En martelant qu’il faut aller au bout de la réforme des lycées professionnels. Nous allons aussi proposer de réformer le premier cycle universitaire, pour enrayer cet autre gâchis humain, social et économique monumental : seul un tiers des jeunes à l’université obtient sa licence. Aujourd’hui, notre rôle est de privilégier le taux d’emploi des jeunes, de les éclairer sur les formations qui favorisent l’entrée sur le marché du travail. Nous nous battrons également pour que cessent les attaques contre les aides à l’apprentissage. Il est incroyable que, pour des raisons purement budgétaires, on remette en cause une formidable réussite collective attendue depuis des décennies. Le gouvernement se trompe en prenant les choses sous ce prisme, au lieu de voir cette dépense comme un investissement pour la collectivité. Je suis totalement contre la réduction des aides qui va inévitablement assécher le flux des apprentis. Nous en verrons les conséquences négatives dès la rentrée.
Des voix de chefs d’entreprise s’élèvent pour dénoncer les dérives normatives européennes. Joignez-vous la vôtre à ce concert ?
Ils sont des nôtres, ils ont raison. Ils expriment notre exaspération collective. Mais je vois des lueurs d’espoir. D’abord, avec l’arrivée de Friedrich Merz au pouvoir en Allemagne, qui a clairement demandé la suppression de la CS3D sur le devoir de vigilance. Le gouvernement français doit avoir le même discours clair. Et obtenir aussi l’allègement de la CSRD.

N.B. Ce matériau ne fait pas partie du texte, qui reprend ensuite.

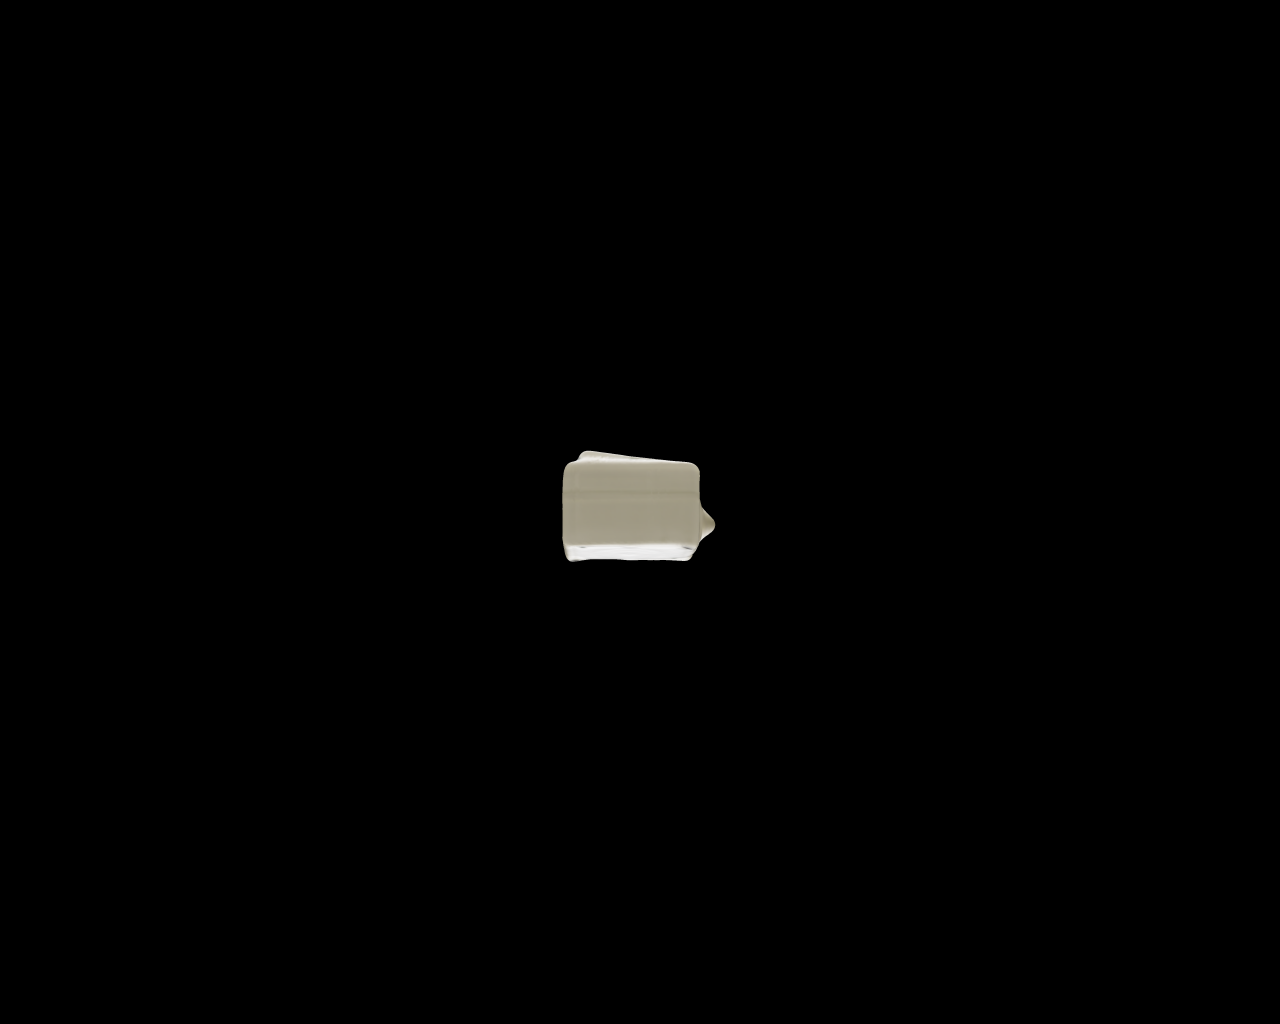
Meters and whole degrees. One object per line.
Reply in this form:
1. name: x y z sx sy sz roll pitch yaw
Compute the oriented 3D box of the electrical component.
1. electrical component: 0.001 -0.003 0.650 0.096 0.061 0.061 0 -11 -2

Il y a d’autres motifs d’espoir, dont la baisse des taux directeurs de la BCE qui desserre un peu la contrainte économique, ou le probable redémarrage de l’Allemagne. C’est ce qui peut nous arriver de mieux. Enfin, la baisse du prix des matières premières a un impact positif considérable sur l’économie mondiale. Mais en France, encore faudra-t-il que l’épargne anormalement élevée - notamment chez les jeunes actifs - revienne sur l’investissement et la consommation.
Qu’attendez-vous de l’Union européenne ? Croyez-vous en sa capacité à tenir face à la politique économique américaine ?

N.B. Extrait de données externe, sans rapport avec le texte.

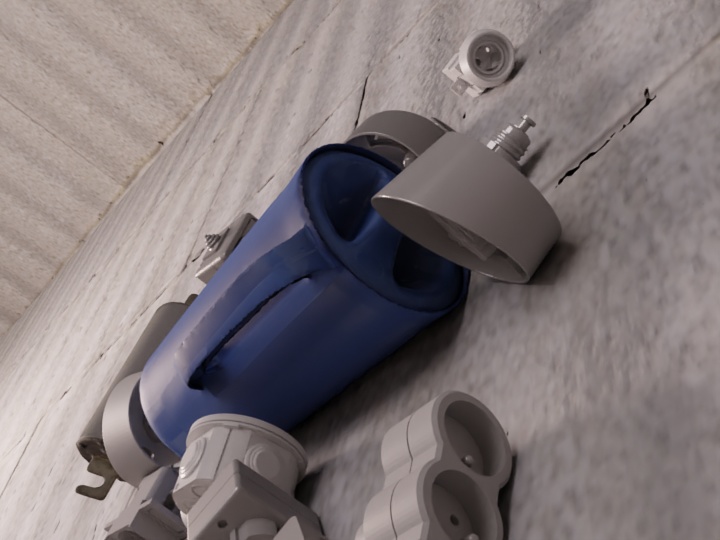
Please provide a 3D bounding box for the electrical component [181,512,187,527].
[{"bbox_3d":[-0.105,0.167,0.752,0.062,0.048,0.048,-38,21,56],"label":"electrical component"}]

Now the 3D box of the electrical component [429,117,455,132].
[{"bbox_3d":[0.060,-0.092,0.860,0.046,0.040,0.040,-54,16,14],"label":"electrical component"}]

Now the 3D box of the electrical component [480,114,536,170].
[{"bbox_3d":[0.091,-0.073,0.736,0.078,0.040,0.040,-50,17,5],"label":"electrical component"}]

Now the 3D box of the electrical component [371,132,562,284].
[{"bbox_3d":[0.064,-0.031,0.623,0.064,0.099,0.099,-48,16,-7],"label":"electrical component"}]

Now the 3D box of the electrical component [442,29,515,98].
[{"bbox_3d":[0.103,-0.177,0.909,0.066,0.048,0.055,-52,9,-3],"label":"electrical component"}]

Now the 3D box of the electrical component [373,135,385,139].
[{"bbox_3d":[0.014,-0.073,0.899,0.061,0.062,0.096,-40,20,33],"label":"electrical component"}]

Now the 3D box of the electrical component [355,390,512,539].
[{"bbox_3d":[0.023,0.124,0.491,0.074,0.052,0.138,-40,21,35],"label":"electrical component"}]

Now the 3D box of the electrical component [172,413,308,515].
[{"bbox_3d":[-0.077,0.132,0.690,0.080,0.080,0.051,-35,29,43],"label":"electrical component"}]

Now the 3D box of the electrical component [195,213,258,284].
[{"bbox_3d":[-0.103,-0.006,1.004,0.061,0.096,0.061,-31,26,44],"label":"electrical component"}]

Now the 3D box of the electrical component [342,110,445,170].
[{"bbox_3d":[0.027,-0.066,0.796,0.099,0.099,0.064,-34,18,45],"label":"electrical component"}]

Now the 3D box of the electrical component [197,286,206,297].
[{"bbox_3d":[-0.086,0.042,0.870,0.099,0.099,0.064,-42,13,28],"label":"electrical component"}]

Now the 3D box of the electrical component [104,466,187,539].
[{"bbox_3d":[-0.161,0.193,0.846,0.081,0.042,0.063,-34,21,43],"label":"electrical component"}]

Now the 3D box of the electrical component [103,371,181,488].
[{"bbox_3d":[-0.167,0.130,0.901,0.064,0.099,0.099,-27,29,42],"label":"electrical component"}]

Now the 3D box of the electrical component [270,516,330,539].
[{"bbox_3d":[-0.043,0.178,0.546,0.089,0.056,0.050,-51,17,2],"label":"electrical component"}]

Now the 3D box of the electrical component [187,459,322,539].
[{"bbox_3d":[-0.058,0.157,0.611,0.047,0.066,0.076,-50,18,6],"label":"electrical component"}]

Les Américains nous forcent à réagir, tant mieux ! La réaction européenne a été habile, en ne tombant justement pas dans la surenchère avec Trump. Ne négligeons pas non plus la menace chinoise. Ce qui est malheureux, c’est que je suis plus optimiste sur la relative capacité de l’Europe à se ressaisir que sur celle de la France. L’inertie de ceux qui ne veulent pas voir la réalité, et n’en tirent pas les conséquences est insupportable. Les Français le pensent aussi, et c’est assez inquiétant pour la démocratie.